# Atwood Furnace Squealing Noise



## geofferyh (Feb 8, 2011)

My Atwood 8535 IV furnace is making an intermittent squealing noise, blower rotation actually seems quiet, it is more like a high pitched vibration as versus rotation noise.  This high pitched squeal typically occurs shortly after the blower start running, or sometimes after it has run for awhile.  The longer the blower is running the more likely the squealing is to stop.  This is why I have pretty much eliminated blower motor rotation as the source.  I can't see anything in the fan blades and I have a mud dubber screen on the exhaust.

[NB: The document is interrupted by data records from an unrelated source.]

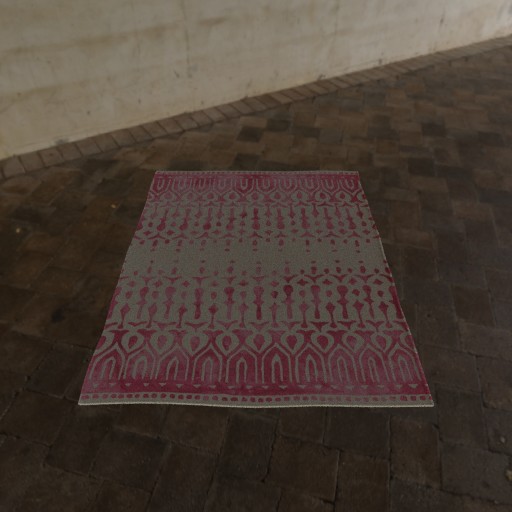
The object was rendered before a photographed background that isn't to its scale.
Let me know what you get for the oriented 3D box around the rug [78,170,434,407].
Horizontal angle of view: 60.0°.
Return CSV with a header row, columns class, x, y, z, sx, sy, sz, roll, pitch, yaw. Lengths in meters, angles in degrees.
class,x,y,z,sx,sy,sz,roll,pitch,yaw
rug,0.000,0.000,4.164,2.441,0.016,3.095,0,42,0
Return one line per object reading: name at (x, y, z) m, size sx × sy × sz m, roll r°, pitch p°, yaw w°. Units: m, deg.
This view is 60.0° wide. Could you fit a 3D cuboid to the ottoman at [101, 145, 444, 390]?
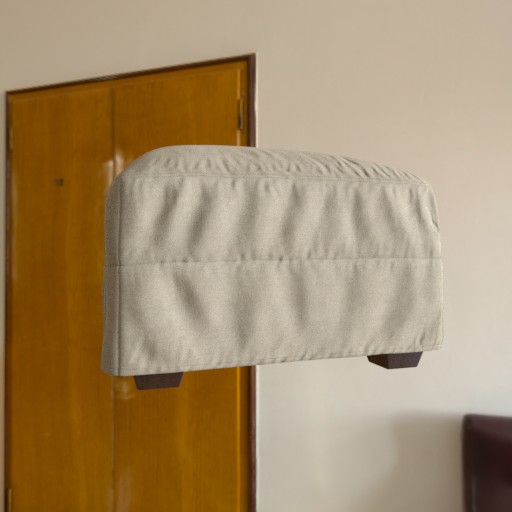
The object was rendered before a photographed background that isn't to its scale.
ottoman at (0.000, 0.000, 1.089) m, size 0.712 × 0.480 × 0.584 m, roll 0°, pitch -1°, yaw -17°
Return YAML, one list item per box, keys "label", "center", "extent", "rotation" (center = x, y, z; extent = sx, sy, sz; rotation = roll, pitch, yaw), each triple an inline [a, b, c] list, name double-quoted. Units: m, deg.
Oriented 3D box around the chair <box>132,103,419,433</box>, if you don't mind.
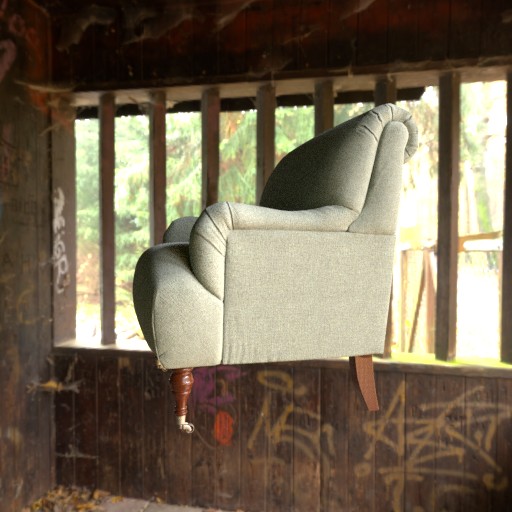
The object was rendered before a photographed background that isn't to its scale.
- label: "chair"
  center: [0.000, 0.000, 1.975]
  extent: [1.060, 1.178, 0.964]
  rotation: [0, 2, -18]
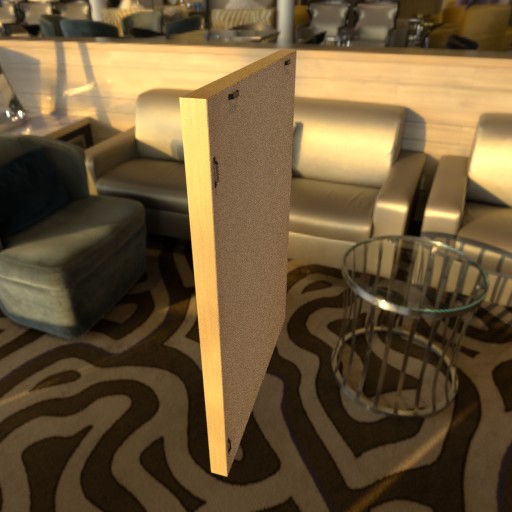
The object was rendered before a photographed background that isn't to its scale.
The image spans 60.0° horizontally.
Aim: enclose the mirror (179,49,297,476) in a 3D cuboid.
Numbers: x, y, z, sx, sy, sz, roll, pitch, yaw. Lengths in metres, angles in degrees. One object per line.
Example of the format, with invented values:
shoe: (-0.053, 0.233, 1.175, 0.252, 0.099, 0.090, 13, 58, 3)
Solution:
mirror: (0.000, 0.000, 0.897, 0.039, 0.710, 0.507, 8, 32, 14)
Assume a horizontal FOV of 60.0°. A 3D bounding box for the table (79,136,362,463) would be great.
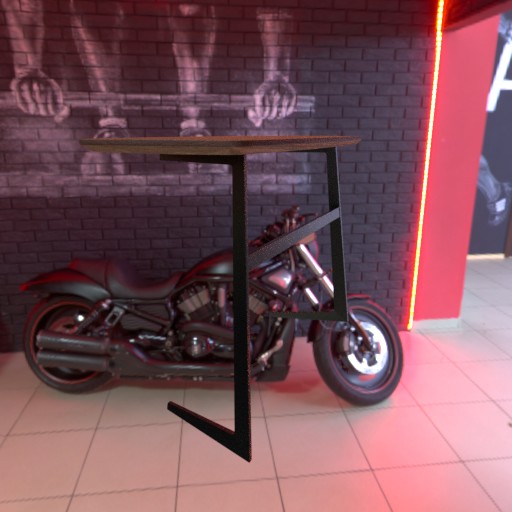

Any ideas would be greatly appreciated before I start taking things apart.


----------



## wilson612000 (Feb 17, 2011)

Re: Atwood Furnace Squealing Noise

the fix is to take out the motor and lube it  ...I have tried to spray lub in and so far never had 
any luck but it is a on going problem with the small motors


----------



## Grandview Trailer Sa (Feb 17, 2011)

Re: Atwood Furnace Squealing Noise

Yes, it is the motor bearings. Not too sure about being able to re-lube them...seems to me they are sealed.


----------



## Grandview Trailer Sa (Feb 17, 2011)

Re: Atwood Furnace Squealing Noise

I actually just looked at a furnace motor.  There are no exposed bearings.  You will have to replace the motor.


----------